Dataset items:
_ _ _ _ _ _ _
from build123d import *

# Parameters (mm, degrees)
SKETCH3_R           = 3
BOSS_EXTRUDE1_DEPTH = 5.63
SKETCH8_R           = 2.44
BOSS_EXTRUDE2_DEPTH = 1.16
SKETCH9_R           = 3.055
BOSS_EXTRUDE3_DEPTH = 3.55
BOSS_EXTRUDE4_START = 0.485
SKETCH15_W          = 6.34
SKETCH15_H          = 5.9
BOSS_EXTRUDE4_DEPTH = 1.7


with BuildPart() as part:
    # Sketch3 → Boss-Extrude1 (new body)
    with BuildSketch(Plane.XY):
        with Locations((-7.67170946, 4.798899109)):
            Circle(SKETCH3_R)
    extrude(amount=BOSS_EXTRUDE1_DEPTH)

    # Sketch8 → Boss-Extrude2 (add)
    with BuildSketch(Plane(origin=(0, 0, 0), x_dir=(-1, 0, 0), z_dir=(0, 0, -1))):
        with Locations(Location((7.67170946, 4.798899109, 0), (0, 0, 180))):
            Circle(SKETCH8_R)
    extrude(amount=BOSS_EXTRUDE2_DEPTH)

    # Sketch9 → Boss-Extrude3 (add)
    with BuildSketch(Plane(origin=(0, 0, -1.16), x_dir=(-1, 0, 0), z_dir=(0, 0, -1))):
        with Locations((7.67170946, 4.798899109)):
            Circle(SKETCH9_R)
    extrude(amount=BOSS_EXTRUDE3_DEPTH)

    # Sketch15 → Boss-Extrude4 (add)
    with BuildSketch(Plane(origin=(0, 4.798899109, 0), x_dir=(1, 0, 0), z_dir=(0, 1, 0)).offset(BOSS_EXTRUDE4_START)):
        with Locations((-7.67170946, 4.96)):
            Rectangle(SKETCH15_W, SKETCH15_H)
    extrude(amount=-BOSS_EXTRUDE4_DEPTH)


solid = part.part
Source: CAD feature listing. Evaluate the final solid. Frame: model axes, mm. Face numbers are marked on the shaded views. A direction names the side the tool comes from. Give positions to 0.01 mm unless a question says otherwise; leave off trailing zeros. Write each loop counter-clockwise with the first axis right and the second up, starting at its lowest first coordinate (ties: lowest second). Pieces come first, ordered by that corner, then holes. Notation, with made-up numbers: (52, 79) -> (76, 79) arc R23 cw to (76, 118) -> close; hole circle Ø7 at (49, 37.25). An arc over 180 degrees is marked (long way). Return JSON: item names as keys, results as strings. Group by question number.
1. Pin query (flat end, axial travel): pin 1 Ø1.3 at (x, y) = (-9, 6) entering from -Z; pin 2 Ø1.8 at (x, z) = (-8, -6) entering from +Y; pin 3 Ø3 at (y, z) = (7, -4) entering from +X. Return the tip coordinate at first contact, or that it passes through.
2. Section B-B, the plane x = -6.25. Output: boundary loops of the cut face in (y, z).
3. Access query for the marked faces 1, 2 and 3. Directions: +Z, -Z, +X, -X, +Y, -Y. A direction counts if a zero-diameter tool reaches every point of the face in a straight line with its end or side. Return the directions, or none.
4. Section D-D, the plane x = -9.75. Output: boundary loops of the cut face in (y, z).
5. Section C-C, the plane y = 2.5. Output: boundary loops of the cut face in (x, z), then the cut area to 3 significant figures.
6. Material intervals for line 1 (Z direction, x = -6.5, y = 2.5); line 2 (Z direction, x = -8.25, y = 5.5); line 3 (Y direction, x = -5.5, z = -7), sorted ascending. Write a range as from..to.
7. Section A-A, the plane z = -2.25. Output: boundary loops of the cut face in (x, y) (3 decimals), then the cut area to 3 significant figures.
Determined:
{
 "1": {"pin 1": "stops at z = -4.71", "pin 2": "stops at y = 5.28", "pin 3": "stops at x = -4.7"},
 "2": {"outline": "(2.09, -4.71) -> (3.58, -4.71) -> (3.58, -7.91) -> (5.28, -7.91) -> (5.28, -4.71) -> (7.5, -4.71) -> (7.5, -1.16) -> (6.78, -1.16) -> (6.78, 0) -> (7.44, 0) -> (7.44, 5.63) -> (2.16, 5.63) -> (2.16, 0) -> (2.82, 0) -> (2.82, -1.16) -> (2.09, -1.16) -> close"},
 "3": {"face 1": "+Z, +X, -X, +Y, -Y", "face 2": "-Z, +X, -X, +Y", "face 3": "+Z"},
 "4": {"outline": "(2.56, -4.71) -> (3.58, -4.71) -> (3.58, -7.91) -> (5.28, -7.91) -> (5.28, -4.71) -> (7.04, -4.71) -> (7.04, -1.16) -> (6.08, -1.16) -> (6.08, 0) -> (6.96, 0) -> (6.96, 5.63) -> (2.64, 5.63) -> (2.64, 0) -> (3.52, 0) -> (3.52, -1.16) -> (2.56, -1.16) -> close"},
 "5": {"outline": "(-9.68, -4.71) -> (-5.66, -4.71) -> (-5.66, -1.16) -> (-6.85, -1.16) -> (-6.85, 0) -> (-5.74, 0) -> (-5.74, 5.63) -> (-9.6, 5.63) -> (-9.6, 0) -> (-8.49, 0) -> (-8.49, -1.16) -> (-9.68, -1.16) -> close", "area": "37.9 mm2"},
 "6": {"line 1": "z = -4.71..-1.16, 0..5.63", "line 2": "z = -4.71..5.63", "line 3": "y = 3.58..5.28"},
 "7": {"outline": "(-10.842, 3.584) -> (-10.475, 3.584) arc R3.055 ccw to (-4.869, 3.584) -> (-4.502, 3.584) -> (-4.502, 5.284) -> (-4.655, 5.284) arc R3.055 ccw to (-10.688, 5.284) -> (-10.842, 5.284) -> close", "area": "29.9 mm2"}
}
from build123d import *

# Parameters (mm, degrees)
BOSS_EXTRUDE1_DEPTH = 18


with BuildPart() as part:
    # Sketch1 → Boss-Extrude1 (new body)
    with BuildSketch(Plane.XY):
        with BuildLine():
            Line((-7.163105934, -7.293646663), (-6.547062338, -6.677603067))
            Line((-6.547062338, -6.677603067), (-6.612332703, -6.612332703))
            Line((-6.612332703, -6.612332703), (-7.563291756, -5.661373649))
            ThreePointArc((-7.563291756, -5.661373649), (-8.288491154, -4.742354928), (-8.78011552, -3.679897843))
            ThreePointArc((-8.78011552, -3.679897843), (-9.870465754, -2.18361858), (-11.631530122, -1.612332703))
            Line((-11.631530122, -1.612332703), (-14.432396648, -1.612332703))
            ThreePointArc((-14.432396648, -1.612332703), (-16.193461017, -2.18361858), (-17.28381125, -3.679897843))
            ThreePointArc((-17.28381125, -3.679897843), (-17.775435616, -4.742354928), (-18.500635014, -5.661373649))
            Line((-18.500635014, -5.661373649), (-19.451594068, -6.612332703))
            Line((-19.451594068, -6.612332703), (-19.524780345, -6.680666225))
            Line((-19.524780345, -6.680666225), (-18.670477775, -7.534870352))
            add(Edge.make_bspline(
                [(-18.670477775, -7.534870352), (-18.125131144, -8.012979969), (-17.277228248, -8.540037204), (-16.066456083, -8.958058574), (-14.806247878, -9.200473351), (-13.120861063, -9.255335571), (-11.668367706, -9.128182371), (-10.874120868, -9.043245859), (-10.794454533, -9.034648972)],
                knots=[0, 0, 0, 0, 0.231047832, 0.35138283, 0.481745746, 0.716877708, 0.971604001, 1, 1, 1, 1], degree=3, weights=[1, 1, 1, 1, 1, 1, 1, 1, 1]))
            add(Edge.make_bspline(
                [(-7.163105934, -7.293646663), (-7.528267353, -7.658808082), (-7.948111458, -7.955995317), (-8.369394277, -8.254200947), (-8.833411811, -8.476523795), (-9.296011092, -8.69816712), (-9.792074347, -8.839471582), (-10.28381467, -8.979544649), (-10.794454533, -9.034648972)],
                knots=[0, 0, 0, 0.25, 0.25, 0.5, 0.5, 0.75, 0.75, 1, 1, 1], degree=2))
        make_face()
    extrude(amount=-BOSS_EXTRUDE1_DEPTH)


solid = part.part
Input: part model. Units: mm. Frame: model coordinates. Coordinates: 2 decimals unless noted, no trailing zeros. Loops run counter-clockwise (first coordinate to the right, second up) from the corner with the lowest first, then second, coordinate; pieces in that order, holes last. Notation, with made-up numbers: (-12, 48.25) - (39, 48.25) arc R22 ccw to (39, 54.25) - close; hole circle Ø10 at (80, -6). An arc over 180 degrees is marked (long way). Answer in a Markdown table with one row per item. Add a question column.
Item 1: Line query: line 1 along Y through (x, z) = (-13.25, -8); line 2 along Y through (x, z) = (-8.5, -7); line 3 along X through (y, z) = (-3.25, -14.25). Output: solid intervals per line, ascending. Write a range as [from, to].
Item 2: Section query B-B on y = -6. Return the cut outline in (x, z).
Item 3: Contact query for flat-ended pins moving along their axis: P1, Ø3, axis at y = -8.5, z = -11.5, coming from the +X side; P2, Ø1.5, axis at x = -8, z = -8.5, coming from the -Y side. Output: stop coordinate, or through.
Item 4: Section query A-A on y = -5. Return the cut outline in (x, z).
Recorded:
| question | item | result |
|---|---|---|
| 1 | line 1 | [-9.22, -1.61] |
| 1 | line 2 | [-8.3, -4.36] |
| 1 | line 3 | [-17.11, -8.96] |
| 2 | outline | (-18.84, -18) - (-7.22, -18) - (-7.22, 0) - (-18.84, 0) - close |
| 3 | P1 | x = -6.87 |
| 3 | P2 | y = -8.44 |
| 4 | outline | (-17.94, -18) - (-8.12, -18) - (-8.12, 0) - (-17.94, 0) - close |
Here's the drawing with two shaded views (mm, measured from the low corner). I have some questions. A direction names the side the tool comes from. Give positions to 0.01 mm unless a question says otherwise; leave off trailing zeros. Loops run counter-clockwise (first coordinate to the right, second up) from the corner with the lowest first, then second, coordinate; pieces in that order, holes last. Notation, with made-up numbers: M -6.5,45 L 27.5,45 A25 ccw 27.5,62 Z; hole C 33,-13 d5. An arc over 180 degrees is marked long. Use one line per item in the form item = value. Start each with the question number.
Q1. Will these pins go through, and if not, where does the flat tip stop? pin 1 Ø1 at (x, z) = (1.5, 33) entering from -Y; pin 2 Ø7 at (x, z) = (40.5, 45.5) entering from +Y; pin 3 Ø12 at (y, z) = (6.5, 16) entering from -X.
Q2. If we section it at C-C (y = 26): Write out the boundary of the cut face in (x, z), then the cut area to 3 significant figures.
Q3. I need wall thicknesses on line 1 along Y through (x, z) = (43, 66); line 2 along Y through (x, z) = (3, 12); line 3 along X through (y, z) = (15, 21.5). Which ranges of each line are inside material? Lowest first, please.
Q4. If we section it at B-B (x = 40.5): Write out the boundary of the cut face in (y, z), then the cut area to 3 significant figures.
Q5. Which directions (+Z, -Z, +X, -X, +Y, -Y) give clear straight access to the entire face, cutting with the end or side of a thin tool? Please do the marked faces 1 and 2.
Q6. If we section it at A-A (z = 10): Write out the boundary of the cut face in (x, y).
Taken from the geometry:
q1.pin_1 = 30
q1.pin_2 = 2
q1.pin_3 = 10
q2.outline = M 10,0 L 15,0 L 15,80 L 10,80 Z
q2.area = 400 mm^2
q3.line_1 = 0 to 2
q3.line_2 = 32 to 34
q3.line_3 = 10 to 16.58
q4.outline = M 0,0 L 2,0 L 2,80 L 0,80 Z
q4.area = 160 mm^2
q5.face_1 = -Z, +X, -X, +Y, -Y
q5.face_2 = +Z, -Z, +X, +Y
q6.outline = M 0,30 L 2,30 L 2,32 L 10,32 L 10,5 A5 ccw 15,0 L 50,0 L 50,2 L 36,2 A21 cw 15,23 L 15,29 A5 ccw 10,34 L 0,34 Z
_ _ _ _ _ _ _
In restating the data, begin at its first line, reproduce each line word for word, and conclude with the line that contains "extrude(amount=BOSS_EXTRUDE3_DEPTH)".

FINISHED EXERCISE »
from build123d import *

# Parameters (mm, degrees)
SKETCH3_R           = 3
BOSS_EXTRUDE1_DEPTH = 5.63
SKETCH8_R           = 2.44
BOSS_EXTRUDE2_DEPTH = 1.16
SKETCH9_R           = 3.055
BOSS_EXTRUDE3_DEPTH = 3.55
BOSS_EXTRUDE4_START = 0.485
SKETCH15_W          = 6.34
SKETCH15_H          = 5.9
BOSS_EXTRUDE4_DEPTH = 1.7


with BuildPart() as part:
    # Sketch3 → Boss-Extrude1 (new body)
    with BuildSketch(Plane.XY):
        with Locations((-7.67170946, 4.798899109)):
            Circle(SKETCH3_R)
    extrude(amount=BOSS_EXTRUDE1_DEPTH)

    # Sketch8 → Boss-Extrude2 (add)
    with BuildSketch(Plane(origin=(0, 0, 0), x_dir=(-1, 0, 0), z_dir=(0, 0, -1))):
        with Locations(Location((7.67170946, 4.798899109, 0), (0, 0, 180))):
            Circle(SKETCH8_R)
    extrude(amount=BOSS_EXTRUDE2_DEPTH)

    # Sketch9 → Boss-Extrude3 (add)
    with BuildSketch(Plane(origin=(0, 0, -1.16), x_dir=(-1, 0, 0), z_dir=(0, 0, -1))):
        with Locations((7.67170946, 4.798899109)):
            Circle(SKETCH9_R)
    extrude(amount=BOSS_EXTRUDE3_DEPTH)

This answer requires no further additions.